# Working as a Personal Trainer



## benguo (Jul 22, 2011)

Hey guys, my other half is a PT here in the UK and is finding it hard to get a job in Dubai. I am moving over end of August ( i have already secured a job) and she is going to join me in September. Do you think it will be easier for her to get a job as a PT once she is in the Dubai? Cheers guys 
Ben G


----------



## dizzyizzy (Mar 30, 2008)

She'll have better chances of finding a job once she's here. However good PT jobs are hard to come by, the biggest and obvious employer (won't say name ) is crap, hours are long and pay is low. A lot of PT's don't enjoy much job stability. Hope the situation is different for your other half


----------



## benguo (Jul 22, 2011)

thank you for the reply, she has been in touch with one guy that has his own fitness company, he doesn't have any work at the moment for her but he might know someone who can help her. She had an initial phone interview for a big hotel group but the hotel is based 2 hours drive outside Dubai so I'm not sure how that would work out. Will just have to wait and see.


----------



## wildchild77 (Aug 26, 2011)

benguo said:


> Hey guys, my other half is a PT here in the UK and is finding it hard to get a job in Dubai. I am moving over end of August ( i have already secured a job) and she is going to join me in September.
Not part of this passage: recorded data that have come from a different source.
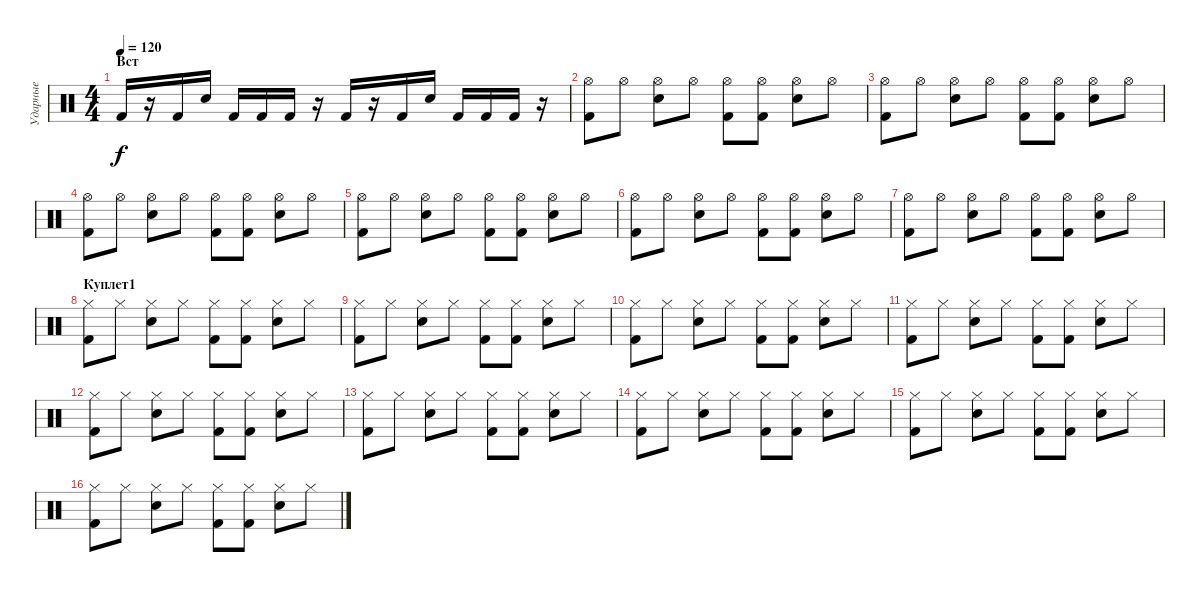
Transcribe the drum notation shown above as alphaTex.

\track ("Ударные" "Ударные") {instrument percussion}
\staff {score}
\articulation defaults
\ts (4 4)
\section ("" "Вст")
\tempo 120
\clef neutral
\ks c "Kick (hit) 2".16{dy f}
r.16 "Kick (hit) 2".16 "Snare (hit) 2".16 "Kick (hit) 2".16 "Kick (hit) 2".16 "Kick (hit) 2".16 r.16 "Kick (hit) 2".16 r.16 "Kick (hit) 2".16 "Snare (hit) 2".16 "Kick (hit) 2".16 "Kick (hit) 2".16 "Kick (hit) 2".16 r.16 |
("Hi-Hat (open)" "Kick (hit) 2").8 "Hi-Hat (open)".8 ("Hi-Hat (open)" "Snare (hit) 2").8 "Hi-Hat (open)".8 ("Hi-Hat (open)" "Kick (hit) 2").8 ("Hi-Hat (open)" "Kick (hit) 2").8 ("Hi-Hat (open)" "Snare (hit) 2").8 "Hi-Hat (open)".8 |
("Hi-Hat (open)" "Kick (hit) 2").8 "Hi-Hat (open)".8 ("Hi-Hat (open)" "Snare (hit) 2").8 "Hi-Hat (open)".8 ("Hi-Hat (open)" "Kick (hit) 2").8 ("Hi-Hat (open)" "Kick (hit) 2").8 ("Hi-Hat (open)" "Snare (hit) 2").8 "Hi-Hat (open)".8 |
("Hi-Hat (open)" "Kick (hit) 2").8 "Hi-Hat (open)".8 ("Hi-Hat (open)" "Snare (hit) 2").8 "Hi-Hat (open)".8 ("Hi-Hat (open)" "Kick (hit) 2").8 ("Hi-Hat (open)" "Kick (hit) 2").8 ("Hi-Hat (open)" "Snare (hit) 2").8 "Hi-Hat (open)".8 |
("Hi-Hat (open)" "Kick (hit) 2").8 "Hi-Hat (open)".8 ("Hi-Hat (open)" "Snare (hit) 2").8 "Hi-Hat (open)".8 ("Hi-Hat (open)" "Kick (hit) 2").8 ("Hi-Hat (open)" "Kick (hit) 2").8 ("Hi-Hat (open)" "Snare (hit) 2").8 "Hi-Hat (open)".8 |
("Hi-Hat (open)" "Kick (hit) 2").8 "Hi-Hat (open)".8 ("Hi-Hat (open)" "Snare (hit) 2").8 "Hi-Hat (open)".8 ("Hi-Hat (open)" "Kick (hit) 2").8 ("Hi-Hat (open)" "Kick (hit) 2").8 ("Hi-Hat (open)" "Snare (hit) 2").8 "Hi-Hat (open)".8 |
("Hi-Hat (open)" "Kick (hit) 2").8 "Hi-Hat (open)".8 ("Hi-Hat (open)" "Snare (hit) 2").8 "Hi-Hat (open)".8 ("Hi-Hat (open)" "Kick (hit) 2").8 ("Hi-Hat (open)" "Kick (hit) 2").8 ("Hi-Hat (open)" "Snare (hit) 2").8 "Hi-Hat (open)".8 |
\section ("" "Куплет1")
("Hi-Hat (closed)" "Kick (hit) 2").8 "Hi-Hat (closed)".8 ("Hi-Hat (closed)" "Snare (hit) 2").8 "Hi-Hat (closed)".8 ("Hi-Hat (closed)" "Kick (hit) 2").8 ("Hi-Hat (closed)" "Kick (hit) 2").8 ("Hi-Hat (closed)" "Snare (hit) 2").8 "Hi-Hat (closed)".8 |
("Hi-Hat (closed)" "Kick (hit) 2").8 "Hi-Hat (closed)".8 ("Hi-Hat (closed)" "Snare (hit) 2").8 "Hi-Hat (closed)".8 ("Hi-Hat (closed)" "Kick (hit) 2").8 ("Hi-Hat (closed)" "Kick (hit) 2").8 ("Hi-Hat (closed)" "Snare (hit) 2").8 "Hi-Hat (closed)".8 |
("Hi-Hat (closed)" "Kick (hit) 2").8 "Hi-Hat (closed)".8 ("Hi-Hat (closed)" "Snare (hit) 2").8 "Hi-Hat (closed)".8 ("Hi-Hat (closed)" "Kick (hit) 2").8 ("Hi-Hat (closed)" "Kick (hit) 2").8 ("Hi-Hat (closed)" "Snare (hit) 2").8 "Hi-Hat (closed)".8 |
("Hi-Hat (closed)" "Kick (hit) 2").8 "Hi-Hat (closed)".8 ("Hi-Hat (closed)" "Snare (hit) 2").8 "Hi-Hat (closed)".8 ("Hi-Hat (closed)" "Kick (hit) 2").8 ("Hi-Hat (closed)" "Kick (hit) 2").8 ("Hi-Hat (closed)" "Snare (hit) 2").8 "Hi-Hat (closed)".8 |
("Hi-Hat (closed)" "Kick (hit) 2").8 "Hi-Hat (closed)".8 ("Hi-Hat (closed)" "Snare (hit) 2").8 "Hi-Hat (closed)".8 ("Hi-Hat (closed)" "Kick (hit) 2").8 ("Hi-Hat (closed)" "Kick (hit) 2").8 ("Hi-Hat (closed)" "Snare (hit) 2").8 "Hi-Hat (closed)".8 |
("Hi-Hat (closed)" "Kick (hit) 2").8 "Hi-Hat (closed)".8 ("Hi-Hat (closed)" "Snare (hit) 2").8 "Hi-Hat (closed)".8 ("Hi-Hat (closed)" "Kick (hit) 2").8 ("Hi-Hat (closed)" "Kick (hit) 2").8 ("Hi-Hat (closed)" "Snare (hit) 2").8 "Hi-Hat (closed)".8 |
("Hi-Hat (closed)" "Kick (hit) 2").8 "Hi-Hat (closed)".8 ("Hi-Hat (closed)" "Snare (hit) 2").8 "Hi-Hat (closed)".8 ("Hi-Hat (closed)" "Kick (hit) 2").8 ("Hi-Hat (closed)" "Kick (hit) 2").8 ("Hi-Hat (closed)" "Snare (hit) 2").8 "Hi-Hat (closed)".8 |
("Hi-Hat (closed)" "Kick (hit) 2").8 "Hi-Hat (closed)".8 ("Hi-Hat (closed)" "Snare (hit) 2").8 "Hi-Hat (closed)".8 ("Hi-Hat (closed)" "Kick (hit) 2").8 ("Hi-Hat (closed)" "Kick (hit) 2").8 ("Hi-Hat (closed)" "Snare (hit) 2").8 "Hi-Hat (closed)".8 |
("Hi-Hat (closed)" "Kick (hit) 2").8 "Hi-Hat (closed)".8 ("Hi-Hat (closed)" "Snare (hit) 2").8 "Hi-Hat (closed)".8 ("Hi-Hat (closed)" "Kick (hit) 2").8 ("Hi-Hat (closed)" "Kick (hit) 2").8 ("Hi-Hat (closed)" "Snare (hit) 2").8 "Hi-Hat (closed)".8
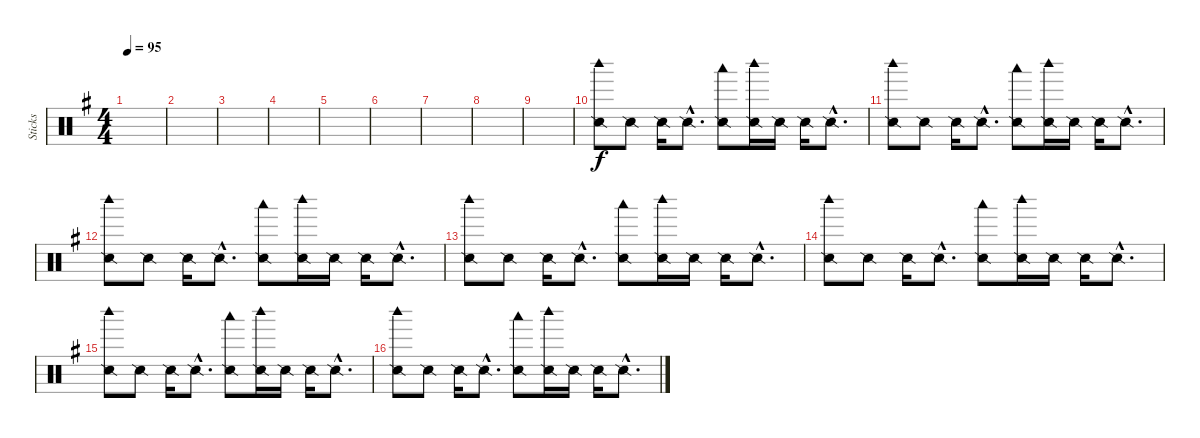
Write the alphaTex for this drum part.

\track ("Sticks" "Sticks") {instrument percussion}
\staff {score}
\articulation defaults
\ts (4 4)
\tempo 95
\clef neutral
\ks g
|
|
|
|
|
|
|
|
|
("Snare (side stick) 2" "Woodblock high (hit)").8 "Snare (side stick) 2".8 "Snare (side stick) 2".16 "Snare (side stick) 2"{hac}.8{d} ("Snare (side stick) 2" "Woodblock low (hit)").8 ("Snare (side stick) 2" "Woodblock high (hit)").16 "Snare (side stick) 2".16 "Snare (side stick) 2".16 "Snare (side stick) 2"{hac}.8{d} |
("Snare (side stick) 2" "Woodblock high (hit)").8 "Snare (side stick) 2".8 "Snare (side stick) 2".16 "Snare (side stick) 2"{hac}.8{d} ("Snare (side stick) 2" "Woodblock low (hit)").8 ("Snare (side stick) 2" "Woodblock high (hit)").16 "Snare (side stick) 2".16 "Snare (side stick) 2".16 "Snare (side stick) 2"{hac}.8{d} |
("Snare (side stick) 2" "Woodblock high (hit)").8 "Snare (side stick) 2".8 "Snare (side stick) 2".16 "Snare (side stick) 2"{hac}.8{d} ("Snare (side stick) 2" "Woodblock low (hit)").8 ("Snare (side stick) 2" "Woodblock high (hit)").16 "Snare (side stick) 2".16 "Snare (side stick) 2".16 "Snare (side stick) 2"{hac}.8{d} |
("Snare (side stick) 2" "Woodblock high (hit)").8 "Snare (side stick) 2".8 "Snare (side stick) 2".16 "Snare (side stick) 2"{hac}.8{d} ("Snare (side stick) 2" "Woodblock low (hit)").8 ("Snare (side stick) 2" "Woodblock high (hit)").16 "Snare (side stick) 2".16 "Snare (side stick) 2".16 "Snare (side stick) 2"{hac}.8{d} |
("Snare (side stick) 2" "Woodblock high (hit)").8 "Snare (side stick) 2".8 "Snare (side stick) 2".16 "Snare (side stick) 2"{hac}.8{d} ("Snare (side stick) 2" "Woodblock low (hit)").8 ("Snare (side stick) 2" "Woodblock high (hit)").16 "Snare (side stick) 2".16 "Snare (side stick) 2".16 "Snare (side stick) 2"{hac}.8{d} |
("Snare (side stick) 2" "Woodblock high (hit)").8 "Snare (side stick) 2".8 "Snare (side stick) 2".16 "Snare (side stick) 2"{hac}.8{d} ("Snare (side stick) 2" "Woodblock low (hit)").8 ("Snare (side stick) 2" "Woodblock high (hit)").16 "Snare (side stick) 2".16 "Snare (side stick) 2".16 "Snare (side stick) 2"{hac}.8{d} |
("Snare (side stick) 2" "Woodblock high (hit)").8 "Snare (side stick) 2".8 "Snare (side stick) 2".16 "Snare (side stick) 2"{hac}.8{d} ("Snare (side stick) 2" "Woodblock low (hit)").8 ("Snare (side stick) 2" "Woodblock high (hit)").16 "Snare (side stick) 2".16 "Snare (side stick) 2".16 "Snare (side stick) 2"{hac}.8{d}
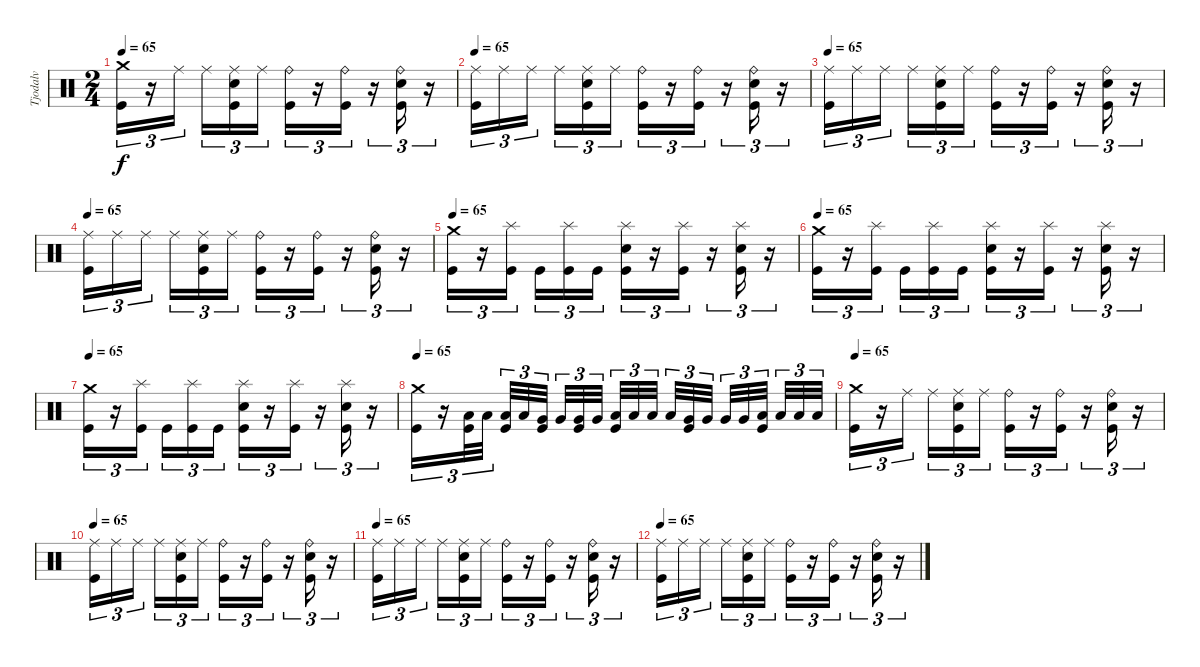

Do you think it will be easier for her to get a job as a PT once she is in the Dubai? Cheers guys
> Ben G


Hi!
just wanted to know how your other half got on with the job search as i'm pretty much in the same boat-finding it very difficult as it seems most companies only want to hire inexperienced people or non-english speaker (maybe they will want less money). Let me know how things are and keep in touch as i've been a trainer for 5yrs now and would be good to know how other experienced trainers gain work out here.
thanks


----------